What needs to be done: Leave out all pictures while repeating the records exactly and completely.

Exercise material:
————————

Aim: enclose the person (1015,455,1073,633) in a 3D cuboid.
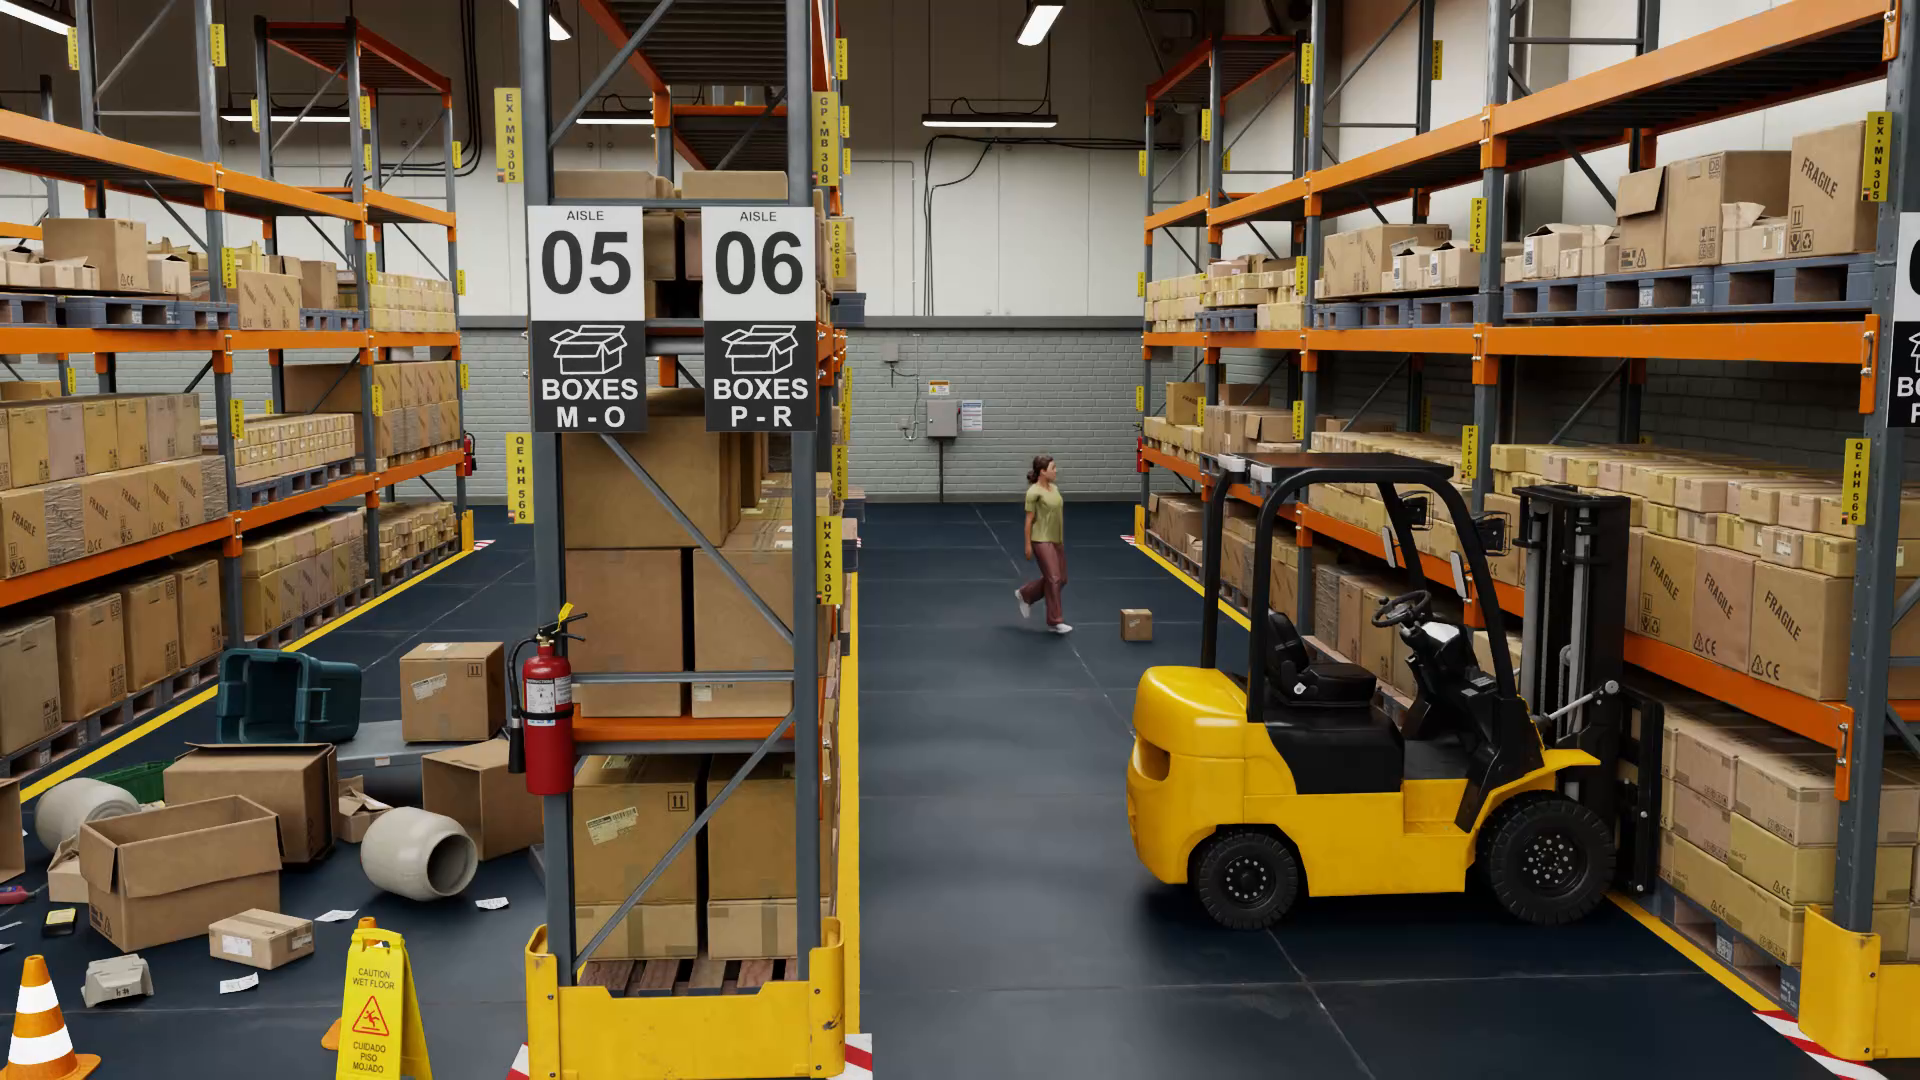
[{"bbox_3d":[0.779,0.022,15.542,0.779,1.642,0.471,6,9,41],"label":"person"}]
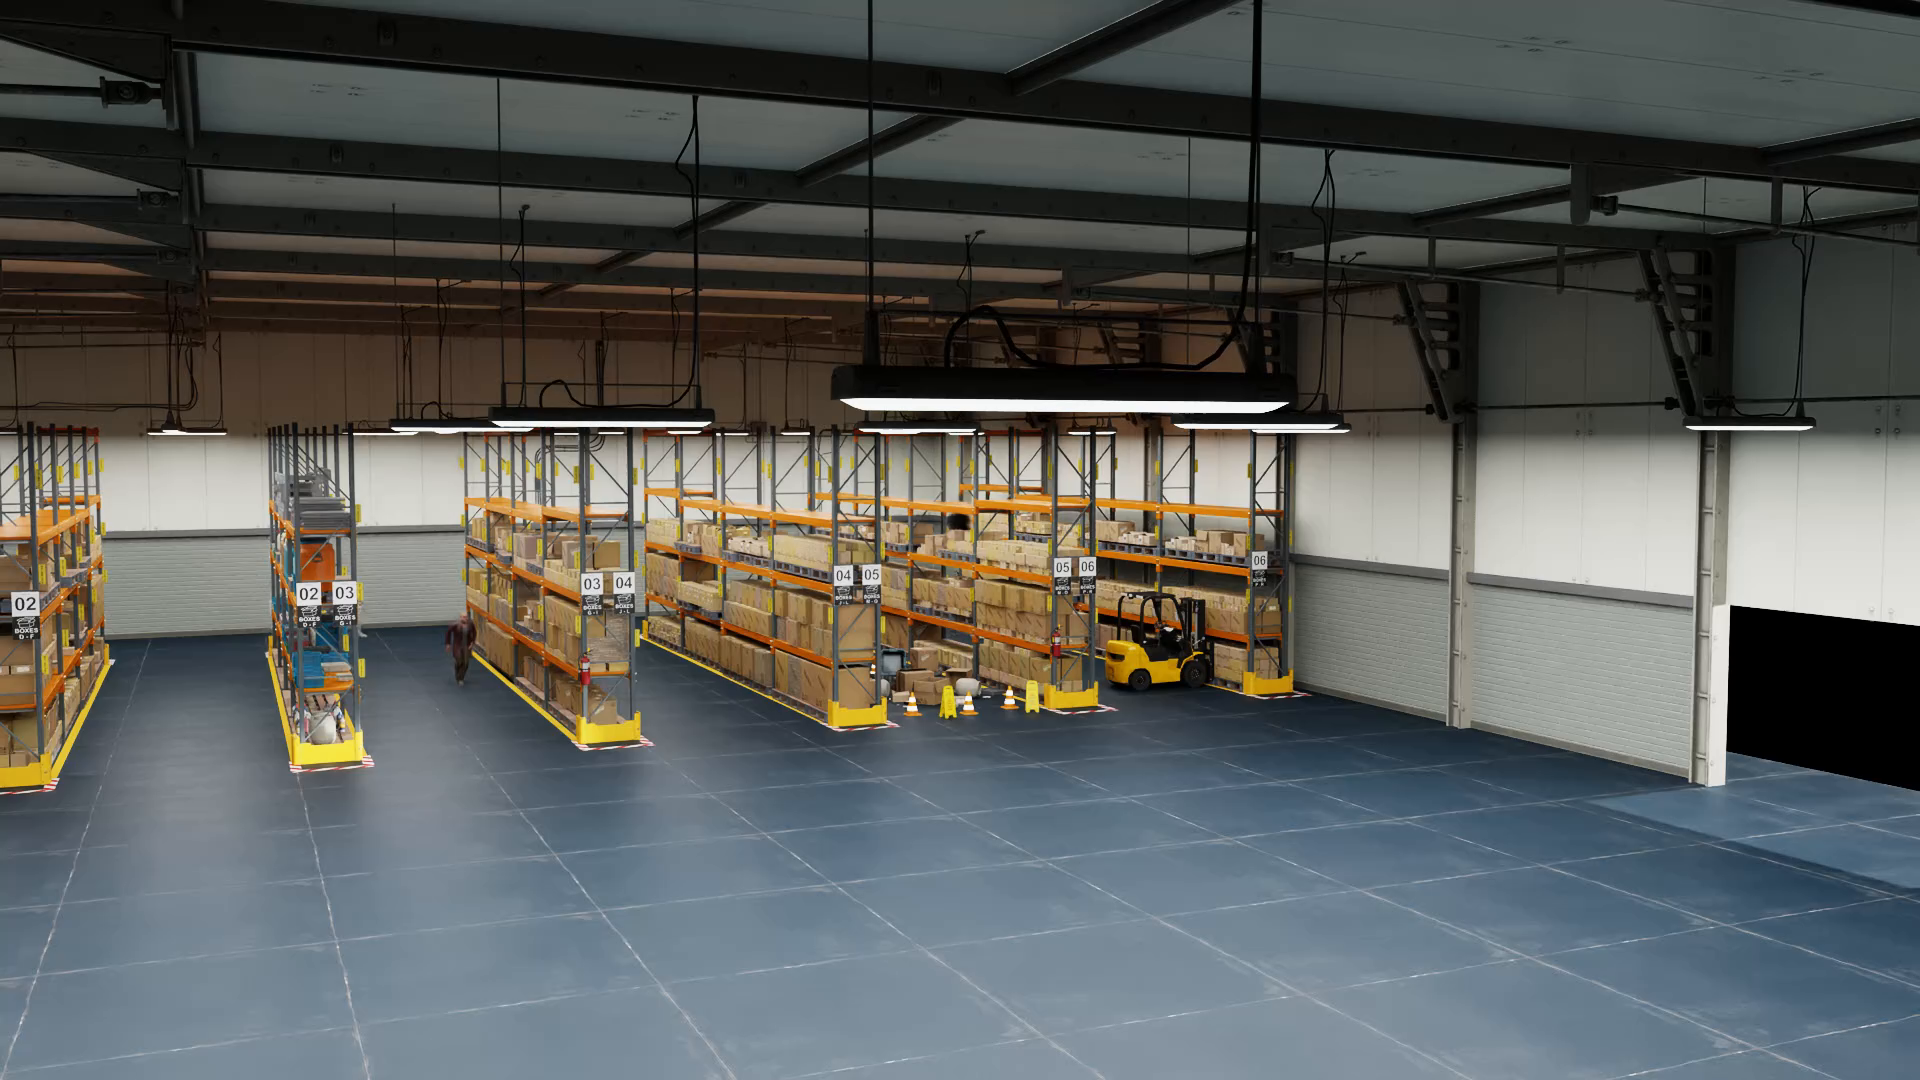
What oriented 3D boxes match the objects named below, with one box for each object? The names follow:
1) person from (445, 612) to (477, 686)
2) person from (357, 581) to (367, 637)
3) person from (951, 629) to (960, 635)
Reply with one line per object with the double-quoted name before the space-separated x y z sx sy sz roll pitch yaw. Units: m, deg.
"person" -11.612 2.510 38.687 0.721 1.712 0.704 -3 4 -36
"person" -17.515 1.974 47.911 0.762 1.609 0.615 1 4 11
"person" -0.222 2.003 48.408 0.504 1.537 0.612 2 4 34
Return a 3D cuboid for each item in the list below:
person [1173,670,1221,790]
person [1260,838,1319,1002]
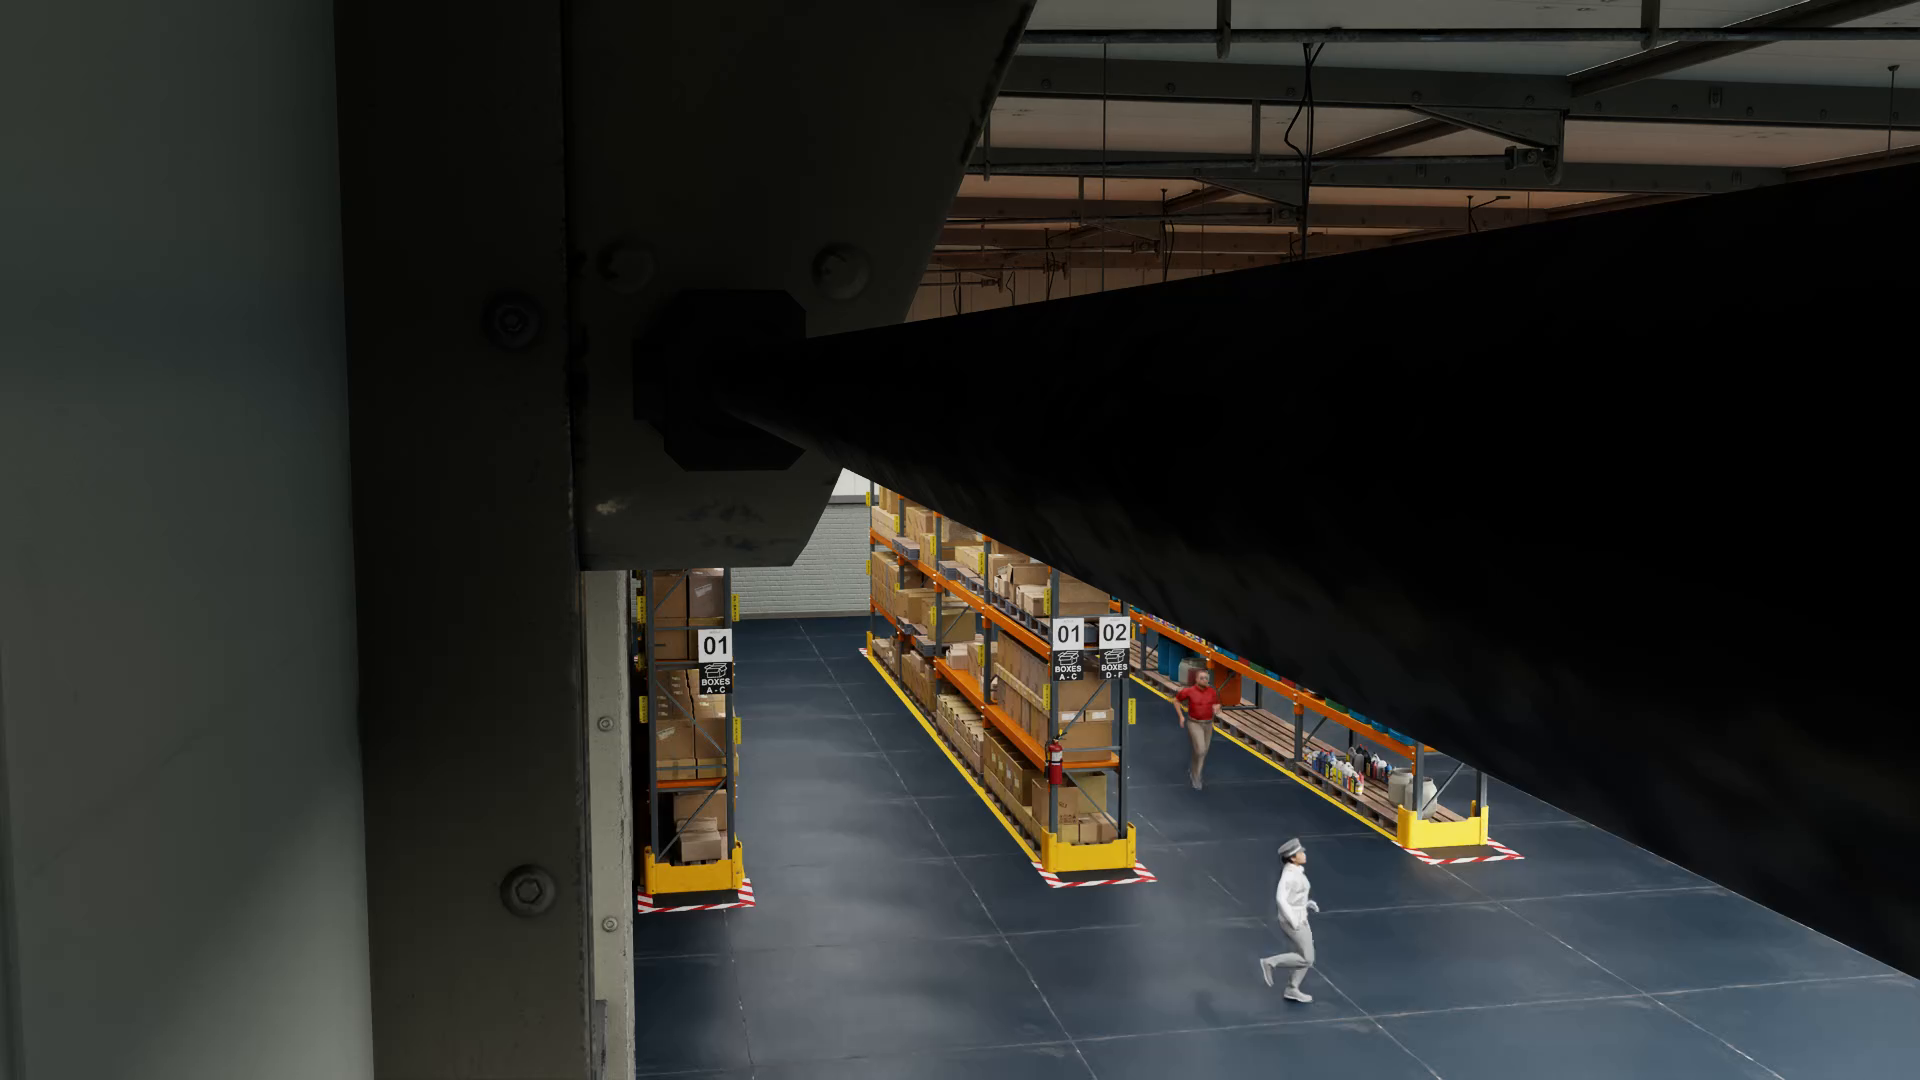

————————

Exercise response:
Aim: enclose the person (1015,455,1073,633) in a 3D cuboid.
[{"bbox_3d":[0.779,0.022,15.542,0.779,1.642,0.471,6,9,41],"label":"person"}]
What oriented 3D boxes match the objects named below, with one box for each object? The names follow:
1) person from (445, 612) to (477, 686)
2) person from (357, 581) to (367, 637)
3) person from (951, 629) to (960, 635)
Reply with one line per object with the double-quoted name before the space-separated x y z sx sy sz roll pitch yaw. Units: m, deg.
"person" -11.612 2.510 38.687 0.721 1.712 0.704 -3 4 -36
"person" -17.515 1.974 47.911 0.762 1.609 0.615 1 4 11
"person" -0.222 2.003 48.408 0.504 1.537 0.612 2 4 34
Return a 3D cuboid for each item in the list below:
person [1173,670,1221,790]
person [1260,838,1319,1002]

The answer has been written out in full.